▶ [Problem]:
Starting at the line that contains "public static void", write out every line through the last one in the records below, word for word. Leave out any pictures.

▶ [Provided data]:
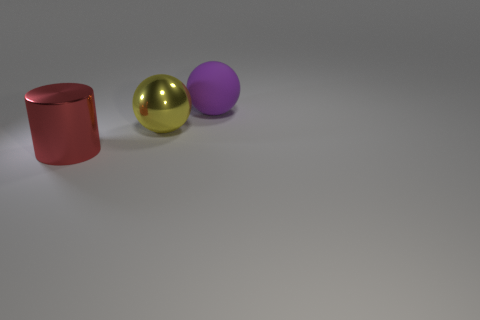How many large things are behind the object in front of the ball that is in front of the large purple rubber ball?
Give a very brief answer. 2. What number of objects are in front of the big purple rubber ball and behind the big red metal cylinder?
Provide a short and direct response. 1. Are there any other things that are the same color as the large matte ball?
Provide a short and direct response. No. How many rubber objects are tiny red spheres or red cylinders?
Your answer should be compact. 0. What material is the sphere that is to the right of the metal thing behind the thing on the left side of the big yellow thing made of?
Provide a succinct answer. Rubber. There is a cylinder in front of the shiny thing behind the large red metallic thing; what is it made of?
Make the answer very short. Metal. Does the red shiny thing that is to the left of the large yellow object have the same size as the sphere that is left of the purple rubber ball?
Give a very brief answer. Yes. Are there any other things that are made of the same material as the big yellow sphere?
Offer a very short reply. Yes. What number of small things are either green rubber blocks or purple matte things?
Give a very brief answer. 0. How many things are metal things that are on the right side of the red cylinder or small brown metallic cubes?
Keep it short and to the point. 1. 
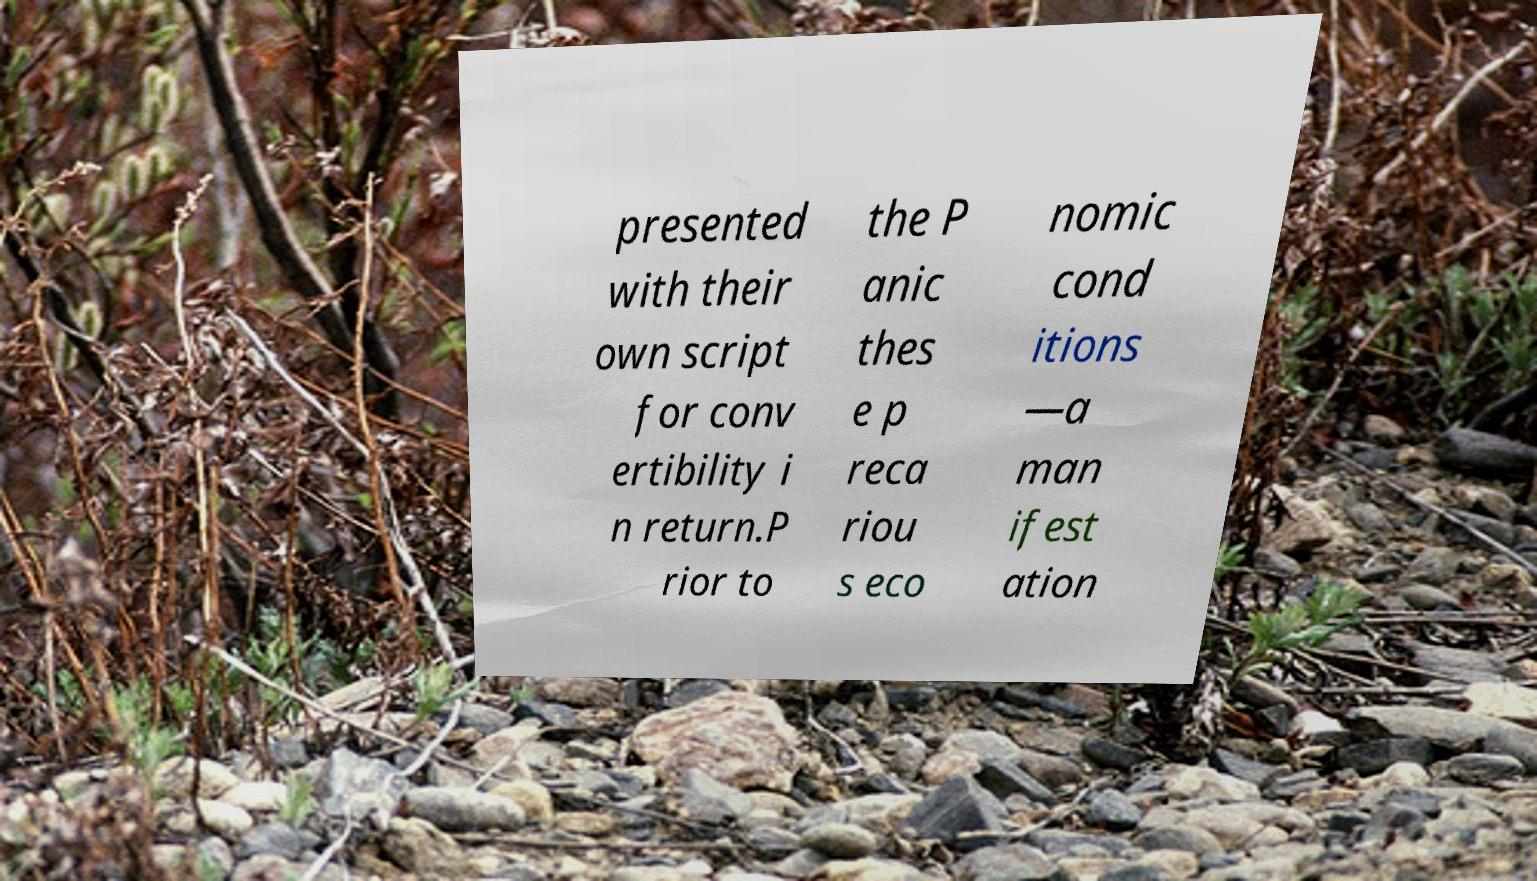Can you read and provide the text displayed in the image?This photo seems to have some interesting text. Can you extract and type it out for me? presented with their own script for conv ertibility i n return.P rior to the P anic thes e p reca riou s eco nomic cond itions —a man ifest ation 
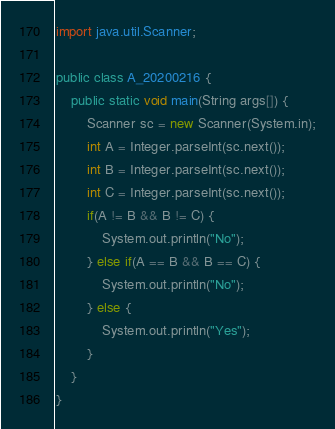<code> <loc_0><loc_0><loc_500><loc_500><_Java_>import java.util.Scanner;

public class A_20200216 {
    public static void main(String args[]) {
        Scanner sc = new Scanner(System.in);
        int A = Integer.parseInt(sc.next());
        int B = Integer.parseInt(sc.next());
        int C = Integer.parseInt(sc.next());
        if(A != B && B != C) {
            System.out.println("No");
        } else if(A == B && B == C) {
            System.out.println("No");
        } else {
            System.out.println("Yes");
        }
    }
}</code> 
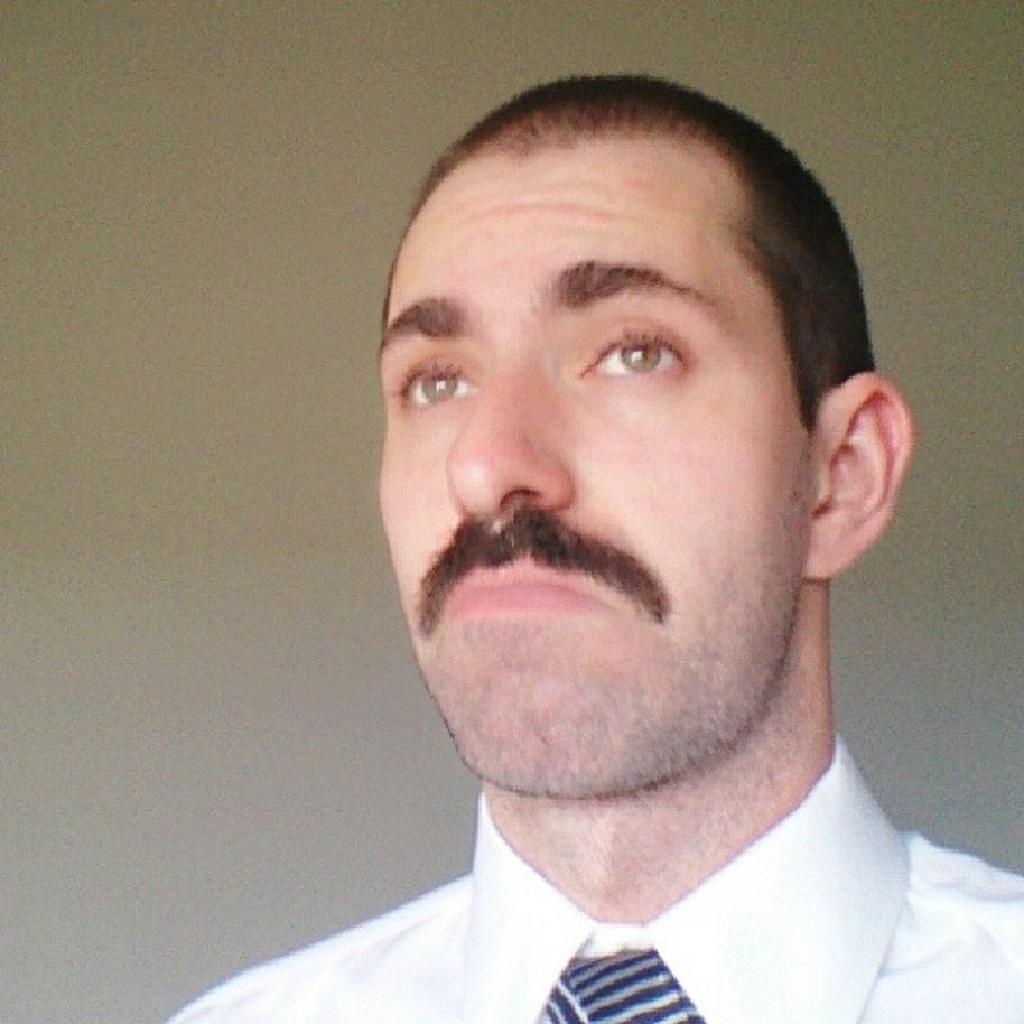What is the main subject in the foreground of the image? There is a man in the foreground of the image. What is the man wearing on his upper body? The man is wearing a white shirt. Is there any additional accessory the man is wearing? Yes, the man is wearing a tie. What can be seen in the background of the image? There is a wall in the background of the image. Can you see any wine being served near the lake in the image? There is no lake or wine present in the image; it features a man in the foreground wearing a white shirt and a tie, with a wall in the background.

▶ [Task result]:
    public static void main(String args[]) {
        Scanner sc = new Scanner(System.in);
        int A = Integer.parseInt(sc.next());
        int B = Integer.parseInt(sc.next());
        int C = Integer.parseInt(sc.next());
        if(A != B && B != C) {
            System.out.println("No");
        } else if(A == B && B == C) {
            System.out.println("No");
        } else {
            System.out.println("Yes");
        }
    }
}</code> 
What is the main subject in the foreground of the image? There is a man in the foreground of the image. What is the man wearing on his upper body? The man is wearing a white shirt. Is there any additional accessory the man is wearing? Yes, the man is wearing a tie. What can be seen in the background of the image? There is a wall in the background of the image. Can you see any wine being served near the lake in the image? There is no lake or wine present in the image; it features a man in the foreground wearing a white shirt and a tie, with a wall in the background.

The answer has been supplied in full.